BEGIN Data extracts
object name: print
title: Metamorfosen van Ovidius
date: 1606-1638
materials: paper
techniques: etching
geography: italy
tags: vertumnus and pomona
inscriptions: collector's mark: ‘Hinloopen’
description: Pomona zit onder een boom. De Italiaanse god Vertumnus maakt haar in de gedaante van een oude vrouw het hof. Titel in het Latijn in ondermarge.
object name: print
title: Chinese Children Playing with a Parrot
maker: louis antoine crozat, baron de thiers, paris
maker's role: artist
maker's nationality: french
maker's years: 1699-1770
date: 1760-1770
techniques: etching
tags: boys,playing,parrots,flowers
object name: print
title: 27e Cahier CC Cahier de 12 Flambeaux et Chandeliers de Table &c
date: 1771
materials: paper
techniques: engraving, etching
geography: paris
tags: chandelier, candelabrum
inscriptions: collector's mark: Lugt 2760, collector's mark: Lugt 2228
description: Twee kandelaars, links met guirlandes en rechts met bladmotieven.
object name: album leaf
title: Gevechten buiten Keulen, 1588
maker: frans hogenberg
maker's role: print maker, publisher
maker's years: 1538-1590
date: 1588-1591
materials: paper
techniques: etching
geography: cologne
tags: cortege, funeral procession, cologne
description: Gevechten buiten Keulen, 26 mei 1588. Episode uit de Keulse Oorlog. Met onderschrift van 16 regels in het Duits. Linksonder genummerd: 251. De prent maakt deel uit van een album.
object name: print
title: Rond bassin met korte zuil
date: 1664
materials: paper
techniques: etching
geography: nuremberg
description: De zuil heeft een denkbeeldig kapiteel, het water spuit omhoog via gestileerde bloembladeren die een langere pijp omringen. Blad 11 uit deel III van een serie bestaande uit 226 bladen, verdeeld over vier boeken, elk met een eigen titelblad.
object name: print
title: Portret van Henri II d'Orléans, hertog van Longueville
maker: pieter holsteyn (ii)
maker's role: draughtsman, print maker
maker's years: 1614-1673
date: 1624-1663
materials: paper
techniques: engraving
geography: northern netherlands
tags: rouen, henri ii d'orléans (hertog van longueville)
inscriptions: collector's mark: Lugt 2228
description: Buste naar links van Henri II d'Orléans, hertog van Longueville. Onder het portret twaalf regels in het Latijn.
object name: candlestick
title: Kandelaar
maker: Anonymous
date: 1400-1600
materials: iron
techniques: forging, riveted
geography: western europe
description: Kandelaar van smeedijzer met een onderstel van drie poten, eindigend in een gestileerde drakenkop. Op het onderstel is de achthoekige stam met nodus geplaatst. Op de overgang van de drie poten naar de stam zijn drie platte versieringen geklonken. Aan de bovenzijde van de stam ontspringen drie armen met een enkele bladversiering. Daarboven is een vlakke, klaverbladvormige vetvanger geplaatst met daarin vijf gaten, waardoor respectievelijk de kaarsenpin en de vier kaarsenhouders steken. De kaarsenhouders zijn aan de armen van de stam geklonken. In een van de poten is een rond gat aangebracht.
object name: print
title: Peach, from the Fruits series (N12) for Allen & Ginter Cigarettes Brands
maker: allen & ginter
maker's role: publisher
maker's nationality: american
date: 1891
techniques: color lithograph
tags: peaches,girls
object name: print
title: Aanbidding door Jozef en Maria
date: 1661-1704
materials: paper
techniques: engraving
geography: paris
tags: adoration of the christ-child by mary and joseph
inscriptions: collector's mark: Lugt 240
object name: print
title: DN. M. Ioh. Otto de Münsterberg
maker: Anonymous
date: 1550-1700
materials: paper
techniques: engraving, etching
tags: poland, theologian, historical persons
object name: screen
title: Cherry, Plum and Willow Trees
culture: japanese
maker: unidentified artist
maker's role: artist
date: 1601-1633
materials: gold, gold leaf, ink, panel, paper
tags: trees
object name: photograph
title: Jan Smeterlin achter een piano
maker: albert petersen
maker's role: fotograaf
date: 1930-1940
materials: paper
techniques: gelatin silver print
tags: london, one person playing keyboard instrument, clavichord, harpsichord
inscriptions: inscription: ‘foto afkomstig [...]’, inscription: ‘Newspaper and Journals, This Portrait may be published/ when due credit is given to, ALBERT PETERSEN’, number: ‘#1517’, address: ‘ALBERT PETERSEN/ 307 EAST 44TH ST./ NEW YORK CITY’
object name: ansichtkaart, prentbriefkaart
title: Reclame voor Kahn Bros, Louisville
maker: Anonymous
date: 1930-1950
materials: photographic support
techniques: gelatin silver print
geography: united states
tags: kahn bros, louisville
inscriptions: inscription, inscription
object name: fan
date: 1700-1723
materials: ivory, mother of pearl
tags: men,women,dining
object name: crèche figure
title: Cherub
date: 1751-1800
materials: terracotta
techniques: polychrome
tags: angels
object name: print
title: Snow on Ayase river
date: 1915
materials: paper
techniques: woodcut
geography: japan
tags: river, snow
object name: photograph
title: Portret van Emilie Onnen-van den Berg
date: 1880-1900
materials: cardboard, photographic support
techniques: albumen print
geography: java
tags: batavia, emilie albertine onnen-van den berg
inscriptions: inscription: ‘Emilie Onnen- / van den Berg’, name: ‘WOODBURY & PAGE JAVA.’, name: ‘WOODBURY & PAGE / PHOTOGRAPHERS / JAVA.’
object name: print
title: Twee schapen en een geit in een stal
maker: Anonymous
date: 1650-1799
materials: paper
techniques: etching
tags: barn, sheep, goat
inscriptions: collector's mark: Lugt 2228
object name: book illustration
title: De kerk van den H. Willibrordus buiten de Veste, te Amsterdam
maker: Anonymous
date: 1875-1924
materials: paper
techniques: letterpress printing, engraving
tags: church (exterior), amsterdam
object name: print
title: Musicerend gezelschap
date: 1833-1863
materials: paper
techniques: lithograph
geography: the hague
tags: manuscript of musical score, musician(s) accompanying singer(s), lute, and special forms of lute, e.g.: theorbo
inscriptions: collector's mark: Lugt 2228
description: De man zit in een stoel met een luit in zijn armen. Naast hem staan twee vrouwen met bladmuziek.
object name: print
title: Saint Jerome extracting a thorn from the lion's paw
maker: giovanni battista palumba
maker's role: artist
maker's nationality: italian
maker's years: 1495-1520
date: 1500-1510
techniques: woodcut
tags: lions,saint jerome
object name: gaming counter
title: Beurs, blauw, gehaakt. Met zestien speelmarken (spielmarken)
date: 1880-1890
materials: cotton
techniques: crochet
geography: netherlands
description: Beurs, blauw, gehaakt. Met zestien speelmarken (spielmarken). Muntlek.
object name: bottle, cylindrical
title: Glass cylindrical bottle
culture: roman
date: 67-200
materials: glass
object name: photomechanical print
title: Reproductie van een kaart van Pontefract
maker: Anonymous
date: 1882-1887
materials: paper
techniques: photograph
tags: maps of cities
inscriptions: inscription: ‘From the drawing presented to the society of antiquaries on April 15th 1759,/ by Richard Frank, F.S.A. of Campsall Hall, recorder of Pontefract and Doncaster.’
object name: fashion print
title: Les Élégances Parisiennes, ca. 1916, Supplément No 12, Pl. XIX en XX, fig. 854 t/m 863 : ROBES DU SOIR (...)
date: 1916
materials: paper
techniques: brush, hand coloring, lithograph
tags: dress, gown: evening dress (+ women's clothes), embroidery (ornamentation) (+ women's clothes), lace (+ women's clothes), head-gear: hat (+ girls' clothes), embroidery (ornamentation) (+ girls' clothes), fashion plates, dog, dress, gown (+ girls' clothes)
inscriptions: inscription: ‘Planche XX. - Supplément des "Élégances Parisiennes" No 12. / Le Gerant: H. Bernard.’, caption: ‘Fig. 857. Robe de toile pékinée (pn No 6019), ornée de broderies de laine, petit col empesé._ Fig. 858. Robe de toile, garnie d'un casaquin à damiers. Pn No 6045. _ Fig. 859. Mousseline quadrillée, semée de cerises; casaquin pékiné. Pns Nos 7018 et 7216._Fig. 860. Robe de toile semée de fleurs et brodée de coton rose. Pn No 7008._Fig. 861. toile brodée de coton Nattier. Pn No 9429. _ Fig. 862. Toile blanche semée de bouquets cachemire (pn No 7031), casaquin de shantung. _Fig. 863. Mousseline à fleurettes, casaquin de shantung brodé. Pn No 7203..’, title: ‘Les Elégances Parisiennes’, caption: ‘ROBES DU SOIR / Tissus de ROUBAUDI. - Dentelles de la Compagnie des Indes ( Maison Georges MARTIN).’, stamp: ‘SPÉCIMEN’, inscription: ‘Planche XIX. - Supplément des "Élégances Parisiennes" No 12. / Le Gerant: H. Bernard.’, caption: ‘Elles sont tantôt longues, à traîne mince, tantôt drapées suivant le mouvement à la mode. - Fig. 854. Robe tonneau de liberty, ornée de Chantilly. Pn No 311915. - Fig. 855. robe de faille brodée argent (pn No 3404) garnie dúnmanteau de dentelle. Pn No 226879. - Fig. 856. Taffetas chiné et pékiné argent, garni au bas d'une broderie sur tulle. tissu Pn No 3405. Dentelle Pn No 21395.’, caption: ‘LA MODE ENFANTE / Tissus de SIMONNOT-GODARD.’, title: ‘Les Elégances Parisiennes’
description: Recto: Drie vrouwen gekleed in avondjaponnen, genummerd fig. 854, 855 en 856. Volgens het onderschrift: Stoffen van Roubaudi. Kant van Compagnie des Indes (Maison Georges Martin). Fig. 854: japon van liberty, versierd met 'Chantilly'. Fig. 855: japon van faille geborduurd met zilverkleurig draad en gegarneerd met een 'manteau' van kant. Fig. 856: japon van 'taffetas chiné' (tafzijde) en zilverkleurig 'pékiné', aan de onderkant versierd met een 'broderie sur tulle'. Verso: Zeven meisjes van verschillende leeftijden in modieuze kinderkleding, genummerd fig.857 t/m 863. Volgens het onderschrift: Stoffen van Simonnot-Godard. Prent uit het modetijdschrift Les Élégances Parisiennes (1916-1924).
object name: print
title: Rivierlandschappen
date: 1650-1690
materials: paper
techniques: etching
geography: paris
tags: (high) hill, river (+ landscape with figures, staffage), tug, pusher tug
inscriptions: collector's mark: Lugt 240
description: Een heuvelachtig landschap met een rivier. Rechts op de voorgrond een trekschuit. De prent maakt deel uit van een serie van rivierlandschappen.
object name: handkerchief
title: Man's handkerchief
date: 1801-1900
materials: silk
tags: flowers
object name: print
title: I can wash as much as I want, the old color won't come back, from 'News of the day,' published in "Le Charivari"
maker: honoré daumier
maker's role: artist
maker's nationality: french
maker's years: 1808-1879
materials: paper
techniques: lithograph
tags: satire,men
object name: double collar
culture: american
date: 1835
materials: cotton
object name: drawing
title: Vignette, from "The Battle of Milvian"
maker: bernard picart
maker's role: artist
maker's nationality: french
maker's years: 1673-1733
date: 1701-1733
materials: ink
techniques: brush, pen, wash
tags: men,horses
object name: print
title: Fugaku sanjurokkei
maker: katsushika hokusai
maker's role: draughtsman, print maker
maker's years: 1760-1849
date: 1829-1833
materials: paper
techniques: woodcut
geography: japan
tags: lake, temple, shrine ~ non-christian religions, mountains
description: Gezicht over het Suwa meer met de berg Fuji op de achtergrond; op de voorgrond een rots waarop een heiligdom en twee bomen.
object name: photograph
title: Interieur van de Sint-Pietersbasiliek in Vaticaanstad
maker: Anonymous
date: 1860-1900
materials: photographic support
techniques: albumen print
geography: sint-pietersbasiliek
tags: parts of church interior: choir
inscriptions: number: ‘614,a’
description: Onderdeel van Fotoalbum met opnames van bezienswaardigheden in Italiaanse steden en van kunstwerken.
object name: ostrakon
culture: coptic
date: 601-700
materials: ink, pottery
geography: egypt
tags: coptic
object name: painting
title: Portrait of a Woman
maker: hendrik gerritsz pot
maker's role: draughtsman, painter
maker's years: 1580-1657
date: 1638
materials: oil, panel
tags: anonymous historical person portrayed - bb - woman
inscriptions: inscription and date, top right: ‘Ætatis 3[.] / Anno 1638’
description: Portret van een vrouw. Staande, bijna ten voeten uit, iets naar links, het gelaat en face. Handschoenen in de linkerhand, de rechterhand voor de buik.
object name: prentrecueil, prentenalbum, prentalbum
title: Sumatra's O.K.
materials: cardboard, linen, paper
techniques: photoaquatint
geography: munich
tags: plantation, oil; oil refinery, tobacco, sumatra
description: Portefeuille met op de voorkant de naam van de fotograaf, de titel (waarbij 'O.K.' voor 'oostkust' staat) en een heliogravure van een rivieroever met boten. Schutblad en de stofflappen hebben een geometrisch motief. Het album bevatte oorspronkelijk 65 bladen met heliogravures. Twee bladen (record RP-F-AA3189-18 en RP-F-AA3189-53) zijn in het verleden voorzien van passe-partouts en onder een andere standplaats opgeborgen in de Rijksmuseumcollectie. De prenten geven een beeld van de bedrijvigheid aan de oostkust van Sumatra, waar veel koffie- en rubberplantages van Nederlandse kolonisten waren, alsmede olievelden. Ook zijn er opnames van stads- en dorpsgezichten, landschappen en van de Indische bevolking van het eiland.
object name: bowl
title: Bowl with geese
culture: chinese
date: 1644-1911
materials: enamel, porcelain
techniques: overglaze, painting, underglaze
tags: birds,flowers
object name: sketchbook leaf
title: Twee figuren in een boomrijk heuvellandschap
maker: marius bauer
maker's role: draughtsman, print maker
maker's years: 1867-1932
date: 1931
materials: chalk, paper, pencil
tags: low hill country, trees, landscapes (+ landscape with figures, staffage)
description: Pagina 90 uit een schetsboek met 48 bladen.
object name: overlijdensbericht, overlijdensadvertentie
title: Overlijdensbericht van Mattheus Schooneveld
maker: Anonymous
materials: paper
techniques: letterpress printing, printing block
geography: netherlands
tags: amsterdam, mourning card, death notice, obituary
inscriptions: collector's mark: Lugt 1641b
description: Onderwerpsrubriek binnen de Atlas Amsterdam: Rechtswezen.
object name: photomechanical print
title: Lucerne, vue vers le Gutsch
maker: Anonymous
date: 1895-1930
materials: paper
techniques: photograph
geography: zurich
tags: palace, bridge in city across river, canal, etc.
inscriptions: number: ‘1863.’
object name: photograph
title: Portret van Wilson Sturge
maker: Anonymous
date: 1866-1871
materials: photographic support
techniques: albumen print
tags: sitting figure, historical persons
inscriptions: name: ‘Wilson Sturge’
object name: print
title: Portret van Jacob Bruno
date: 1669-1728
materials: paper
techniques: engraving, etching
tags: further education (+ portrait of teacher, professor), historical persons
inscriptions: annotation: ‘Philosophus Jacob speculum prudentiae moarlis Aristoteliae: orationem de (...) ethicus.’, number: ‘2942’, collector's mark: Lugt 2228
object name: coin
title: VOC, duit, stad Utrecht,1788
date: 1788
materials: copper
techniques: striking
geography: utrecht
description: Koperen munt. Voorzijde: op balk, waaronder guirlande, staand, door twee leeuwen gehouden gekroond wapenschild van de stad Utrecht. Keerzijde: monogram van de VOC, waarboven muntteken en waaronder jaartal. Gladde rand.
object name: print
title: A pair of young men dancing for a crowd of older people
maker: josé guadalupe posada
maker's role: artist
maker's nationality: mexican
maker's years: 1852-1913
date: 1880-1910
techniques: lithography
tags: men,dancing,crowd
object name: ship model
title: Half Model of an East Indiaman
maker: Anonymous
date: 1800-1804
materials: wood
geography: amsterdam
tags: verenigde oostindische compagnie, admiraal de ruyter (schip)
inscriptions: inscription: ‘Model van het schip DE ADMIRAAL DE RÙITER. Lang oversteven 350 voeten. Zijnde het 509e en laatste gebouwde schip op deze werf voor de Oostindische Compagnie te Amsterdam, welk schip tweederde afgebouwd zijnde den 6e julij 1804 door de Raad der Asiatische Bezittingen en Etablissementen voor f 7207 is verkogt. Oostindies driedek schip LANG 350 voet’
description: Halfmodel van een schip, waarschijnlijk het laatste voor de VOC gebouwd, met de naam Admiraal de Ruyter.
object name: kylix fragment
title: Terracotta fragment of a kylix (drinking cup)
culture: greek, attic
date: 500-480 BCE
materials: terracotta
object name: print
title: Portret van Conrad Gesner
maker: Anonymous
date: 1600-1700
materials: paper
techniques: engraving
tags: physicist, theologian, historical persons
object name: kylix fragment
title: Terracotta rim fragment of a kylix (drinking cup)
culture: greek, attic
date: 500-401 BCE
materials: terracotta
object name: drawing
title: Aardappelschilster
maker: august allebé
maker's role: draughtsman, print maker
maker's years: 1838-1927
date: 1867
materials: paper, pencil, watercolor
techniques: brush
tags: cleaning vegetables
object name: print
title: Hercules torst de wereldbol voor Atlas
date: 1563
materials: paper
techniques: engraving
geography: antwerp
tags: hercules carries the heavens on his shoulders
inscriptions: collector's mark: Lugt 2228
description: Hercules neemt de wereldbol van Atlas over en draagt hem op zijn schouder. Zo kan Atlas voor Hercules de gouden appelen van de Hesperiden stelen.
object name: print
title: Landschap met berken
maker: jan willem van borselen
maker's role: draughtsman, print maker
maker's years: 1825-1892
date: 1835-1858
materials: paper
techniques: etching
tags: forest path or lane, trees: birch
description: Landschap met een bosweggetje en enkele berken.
END Data extracts
→ **Task instructions**
Repeat, character for character, the lines of the material above from the line with "maker: louis antoine" through the line with "tags: cortege, funeral procession, cologne".

→ **Exercise response**
maker: louis antoine crozat, baron de thiers, paris
maker's role: artist
maker's nationality: french
maker's years: 1699-1770
date: 1760-1770
techniques: etching
tags: boys,playing,parrots,flowers
object name: print
title: 27e Cahier CC Cahier de 12 Flambeaux et Chandeliers de Table &c
date: 1771
materials: paper
techniques: engraving, etching
geography: paris
tags: chandelier, candelabrum
inscriptions: collector's mark: Lugt 2760, collector's mark: Lugt 2228
description: Twee kandelaars, links met guirlandes en rechts met bladmotieven.
object name: album leaf
title: Gevechten buiten Keulen, 1588
maker: frans hogenberg
maker's role: print maker, publisher
maker's years: 1538-1590
date: 1588-1591
materials: paper
techniques: etching
geography: cologne
tags: cortege, funeral procession, cologne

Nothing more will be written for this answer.